We start by constructing a resolution for a small neighborhood of a point $p \in \Sigma$. For notational convenience assume $p=0$, the orgin. Let $B_{\epsilon} \subset \mathbb{C}^2$ denote the ball of radius $\epsilon$ around the origin. Chossing $\epsilon$ small enough, we may assume that $C \cap \{y=0\} \cap B_{\epsilon}= \{0\}$.

Next, by choosing $\eta$ small enough, we can also assume that the restricted map

$$\pi: C \cap B_{\epsilon} \cap \pi^{-1}(\Delta_{\eta}) \to \Delta_{\eta}$$

is proper (???) and a local analytic biholomorphism exept at the origin, where $\Delta_{\eta} \subset \mathbb{C}$ is the disc of radius $\eta$ ...

Question: Why shrinking $\eta$ small enough allows to assume that the restriction of $\pi$ to $C \cap B_{\epsilon} \cap \pi^{-1}(\Delta_{\eta})$ becomes proper map (from topological viewpoint)?

In topology $\pi$ is proper if for every compact $K$ set the preimage $\pi^{-1}(K)$ is also compact.

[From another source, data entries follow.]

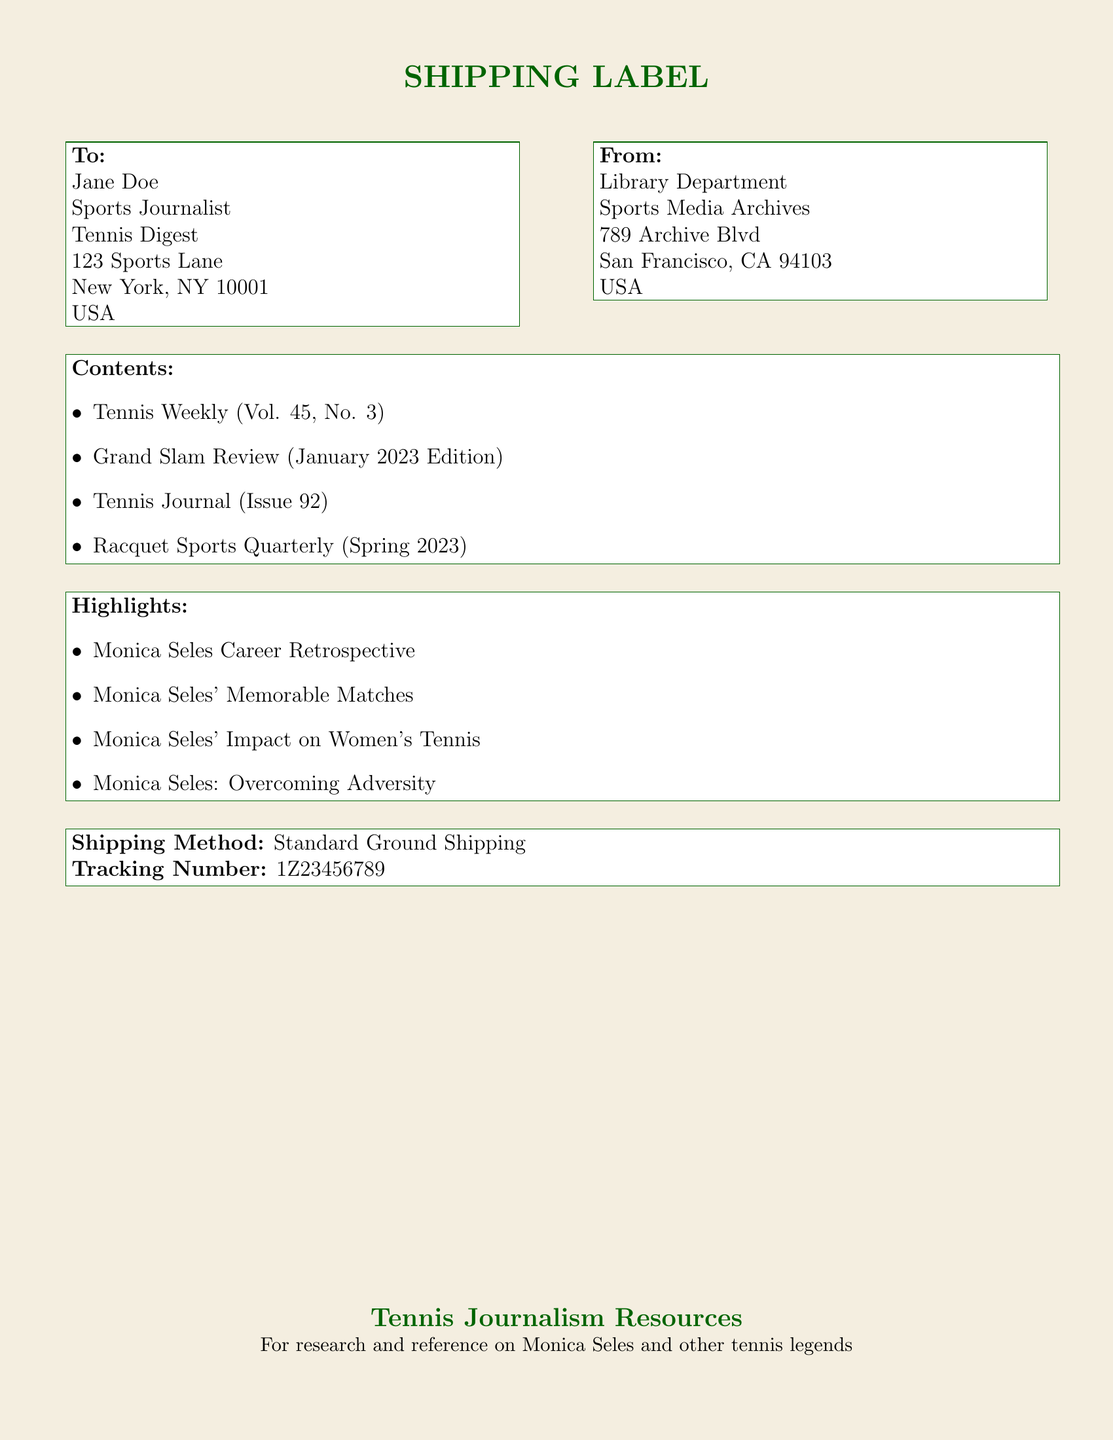What is the recipient's name? The recipient's name is listed in the "To" section of the document.
Answer: Jane Doe What is the shipping method? The shipping method is mentioned toward the end of the document.
Answer: Standard Ground Shipping What is the tracking number? The tracking number is specified in the shipping method section of the document.
Answer: 1Z23456789 Which magazine is included in the shipment? The magazines and journals included are listed in the "Contents" section of the document.
Answer: Tennis Weekly (Vol. 45, No. 3) What is one highlight related to Monica Seles? Highlights are provided under the "Highlights" section of the document.
Answer: Monica Seles Career Retrospective Where is the sender's address located? The sender's address is found in the "From" section of the document.
Answer: 789 Archive Blvd, San Francisco, CA 94103, USA How many items are listed in the "Contents" section? The number of items can be counted from the list provided in the document.
Answer: 4 What type of document is this? The overall nature of the document can be described by its title and formatting.
Answer: Shipping label

Some comments: I assume that by $B_{\epsilon}$ and $\Delta_{\eta}$ the author means the open ball resp. disc since in case of closed the subset $C \cap B_{\epsilon}$ would already be compact and it would not be necessary to shrink $\eta$ in "appropriate" way. I have already asked the same question in MSE without obtaining a precise answer that solves the problem.